Quelle différence, du point de vue de ce début de classification, peut-on faire entre SYSTRAN et ce petit sous-module qui parcourt le texte et, pour chaque mot du texte source, fournit un équivalent dans la langue cible ou, a contrario, prévient qu'il faut faire une recherche lexicographique ? Fondamentalement aucune car la seule différence est une profondeur d'analyse qui serait plus grande dans SYSTRAN, profondeur dont l'évaluation est éminemment subjective. On voit, sur ce même exemple, qu'une autre distinction traditionnelle montre ses limites : celle qui était sensée exister entre les automates qui contiennent des dictionnaires utilisés exclusivement par la machine et les automates qui contiennent des dictionnaires utilisés exclusivement par l'humain. Dans la pratique, si des différences de codages peuvent exister entre les dictionnaires de telle ou telle machine, à un moment ou à un autre, l'humain comme la machine utilisent ces dictionnaires pour tenter de réaliser une forme de transfert. Ainsi donc, la séparation entre systèmes de THAO et systèmes de TAAH, qui était traditionnellement utilisée dans la littérature commerciale et industrielle tient difficilement dès que l'on entre un peu dans le détail.

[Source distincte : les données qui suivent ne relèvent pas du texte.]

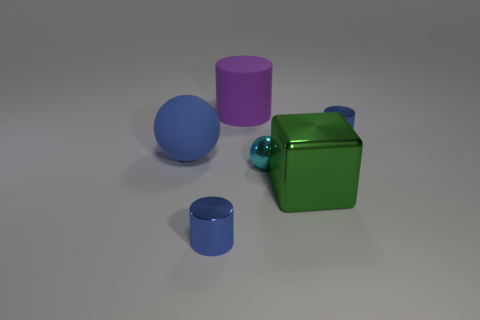Subtract all shiny cylinders. How many cylinders are left? 1 Add 3 green rubber spheres. How many objects exist? 9 Subtract all purple cylinders. How many cylinders are left? 2 Subtract all blocks. How many objects are left? 5 Add 1 green objects. How many green objects are left? 2 Add 4 tiny metal things. How many tiny metal things exist? 7 Subtract 0 yellow blocks. How many objects are left? 6 Subtract 2 balls. How many balls are left? 0 Subtract all green cylinders. Subtract all blue cubes. How many cylinders are left? 3 Subtract all blue spheres. How many blue cylinders are left? 2

Prenons un autre exemple. On distingue habituellement les vérificateurs orthographiques (spell checkers) de correcteurs orthographiques (spell correctors). La distinction entre les deux réside, en première approche, dans le fait que les premiers détectent les erreurs et les signalent alors que les seconds, de plus, les corrigent. Dans la pratique, il n'y a aucune distinction possible dès que l'on regarde les fonctions réelles de ces logiciels :

Un vérificateur orthographique (comme celui de Word, par exemple) contient, en plus de son dictionnaire "général" un dictionnaire dit "personnel". Lorsque le logiciel vérificateur vous signale une erreur sur un mot non contenu dans le dictionnaire général et que vous la corrigez, la forme correcte est introduite dans le dictionnaire "personnel". A la prochaine occurrence de cette erreur, le vérificateur vous donne automatiquement la forme correcte. Par ailleurs, comment qualifier les nombreux vérificateurs qui contiennent une fonction de Recherche et Remplace automatique ? Réciproquement, les correcteurs orthographiques actuellement disponibles, ne font jamais leur travail de remplacement d'une façon totalement automatique. En réalité, tous, lorsqu'une erreur possible est détectée, fabriquent une liste de corrections possibles triée par probabilités décroissantes et la proposent à l'usager. Ainsi donc, si l'on applique à la lettre le critère de distinction, tous les produits actuels sont dans la même catégorie, le pur correcteur orthographique n'existant pas sur le marché.

On pourrait être tenté de distinguer les produits par leurs fonctions. Il y aurait alors d'une part les automates de traitement de texte, d'autre part, les automates de correction/vérification orthographique, par ailleurs les automates de TAO/THAO, enfin les automates d'aide à l'indexation/ interrogation de bases de données, etc. Mais ici, encore, dès que l'on quitte la catégorisation générale pour examiner les fonctions réelles de ces automates, on constate que tous contiennent un module appelable du nom d'analyseur syntaxique/morphologique, que tous contiennent un dictionnaire, que tous prennent un texte en entrée pour fournir un texte en sortie, etc. Et donc on en est réduit, à nouveau, à rester dans des catégorisations très générales et non disjointes : tel système sera plutôt un vérificateur, tel autre, plutôt un automate d'indexation de texte, les différences entre ces systèmes ne résistant que très mal à une analyse poussée. Cette démarche de hiérarchisation par fonctions nous semble cependant la seule possible dans la mesure ou elle peut fonctionner, comme nous le verrons plus loin, dans des cadres contextuels variés.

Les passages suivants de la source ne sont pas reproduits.